The mathematicians Professor Victor Adamchik and Professor David Jeffrey tried to solve this equation system so that the coefficients of the quartic Tschirnhaus key stand in elementary relation to the coefficients of the given Principal Quintic equation. In order to do this, they decided to use a certain special trick that contains the setting up of a further condition. In the mentioned second clue of that system only one of the four coefficients from the quartic Tschirnhaus key appears just in linear power, and that is the coefficient c accurately. So it is possible to set up a combination of the unknown coefficients a, b and d so that the second clue is always valid independent of which c value you enter. Adamchik and Jeffrey decided to insert this condition into the equation system.

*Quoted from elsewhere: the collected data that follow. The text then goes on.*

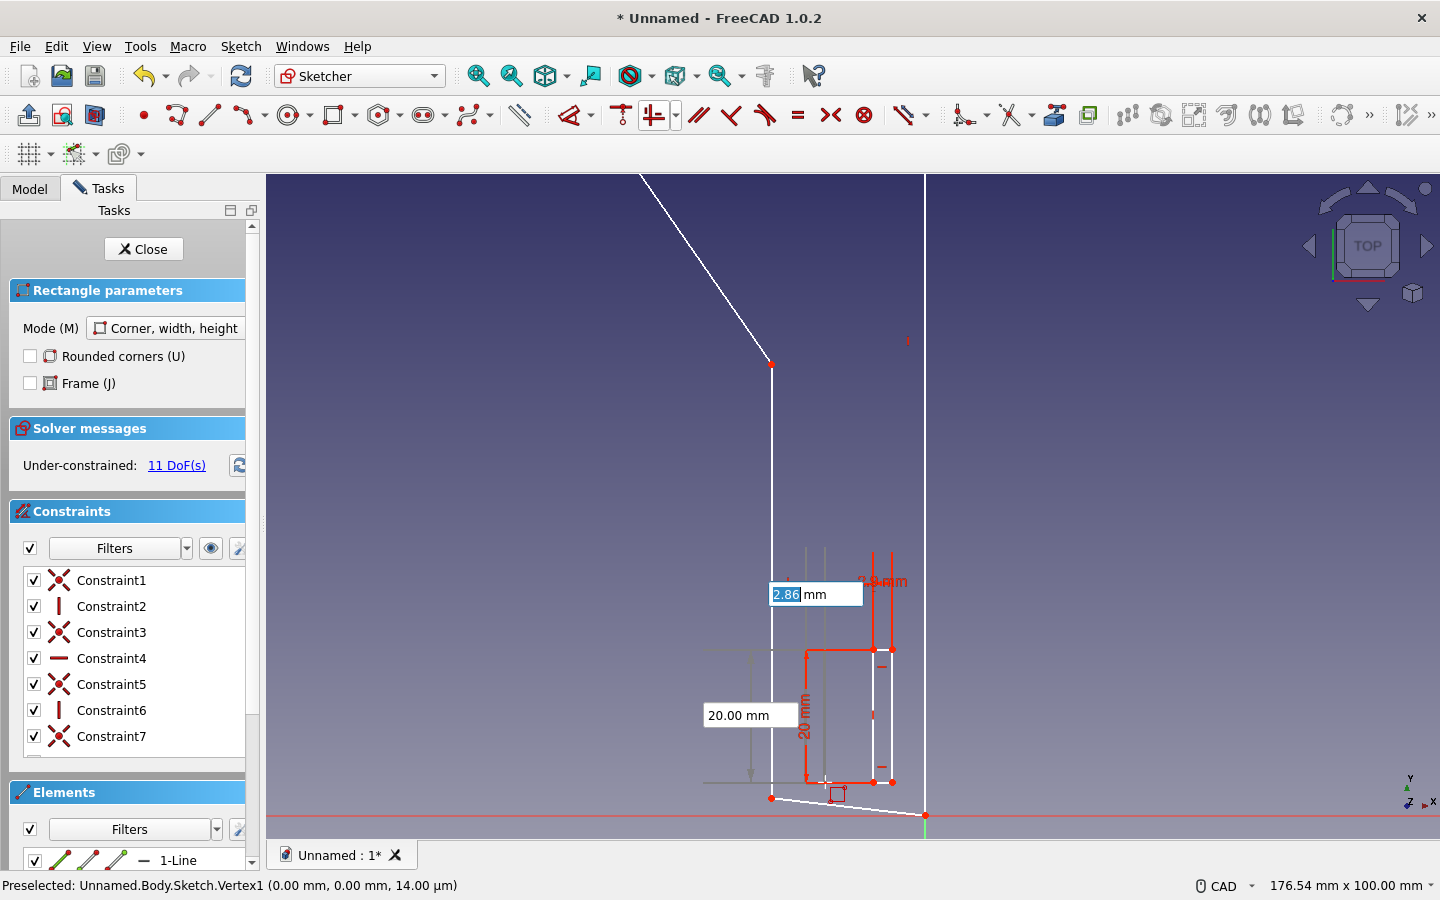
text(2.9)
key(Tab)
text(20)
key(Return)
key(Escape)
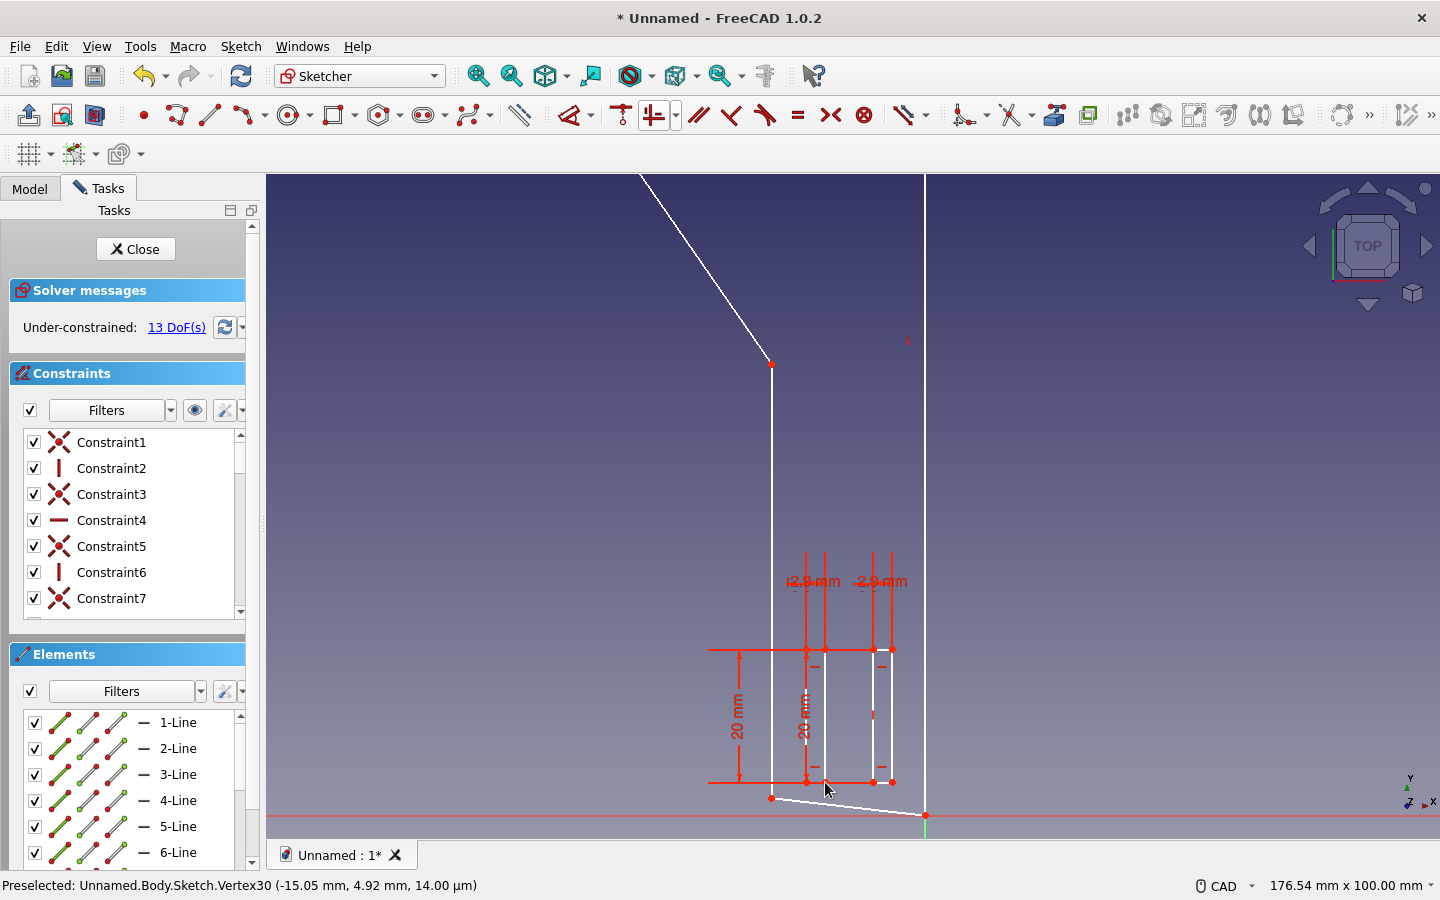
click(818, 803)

${\displaystyle 3ua-4v+5d=0}$

${\displaystyle (-8va+6ub+10w)c+6uad-4v{b}^2-8vd+10wab+3u^2{a}^2+6u^{2}b-14uva+5d^2+8uw+4v^2=0}$

${\displaystyle (-10u^{2}v+5w^2)(3a^2+3b)+(3u^3-9vw)(a^3+6ab+3c)+(8uw+4v^2)(3a^{2}b+6ac+3b^2+3d)-}$ ${\displaystyle -7uv(3a{b}^2+3a^{2}c+6ad+6bc)+3u^2(6abc+3a^{2}d+b^3+6bd+3c^2)+}$ ${\displaystyle +5w(3a{c}^2+3b^{2}c+6abd+6cd)-4v(6acd+3b{c}^2+3b^{2}d+3d^2)+}$ ${\displaystyle +3u(3a{d}^2+6bcd+c^3)+33u{v}^{2}a+33u^{2}wa+5d^3+3u^4-24uvw-4v^3=0}$

${\displaystyle -8va+6ub+10w=0}$

Now there is an equation system of four clues and four unknowns that even can be solved in an elementary way. Because now in the third clue a cubic equation system in relation to c cam be solved without concerning the impact on the second clue. Accurately this is the Adamchik transformation, and the corresponding quartic key is the Adamchik key if the now inserted fourth clue shall be valid. And exactly this equation system can be simplified in the following way:

${\displaystyle 4va-3ub=5w}$

${\displaystyle 3u^2{a}^2-3uva+25wab-10v{b}^2=5uw-2v^2}$

${\displaystyle d=\frac{4}{5}v-\frac{3}{5}ua}$

${\displaystyle u{c}^3+(5wa-4vb+3u^2)c^2+(uv{a}^2+6uwa+5w{b}^2-8uvb+3u^3+vw)c+}$ ${\displaystyle +u^3{a}^3+vw{a}^3-2u^2{b}^3+2uva{b}^2-2u^2{a}^{2}d+10d^3-4u^{2}v{a}^2+vwab+}$ ${\displaystyle +3uvad+2u^{2}wa+2u^{2}vb-v^{2}d+u^4-4v^3+10uvw=0}$

With this recipe the coefficients of the quartic Adamchik Tschirnhaus key can be set up.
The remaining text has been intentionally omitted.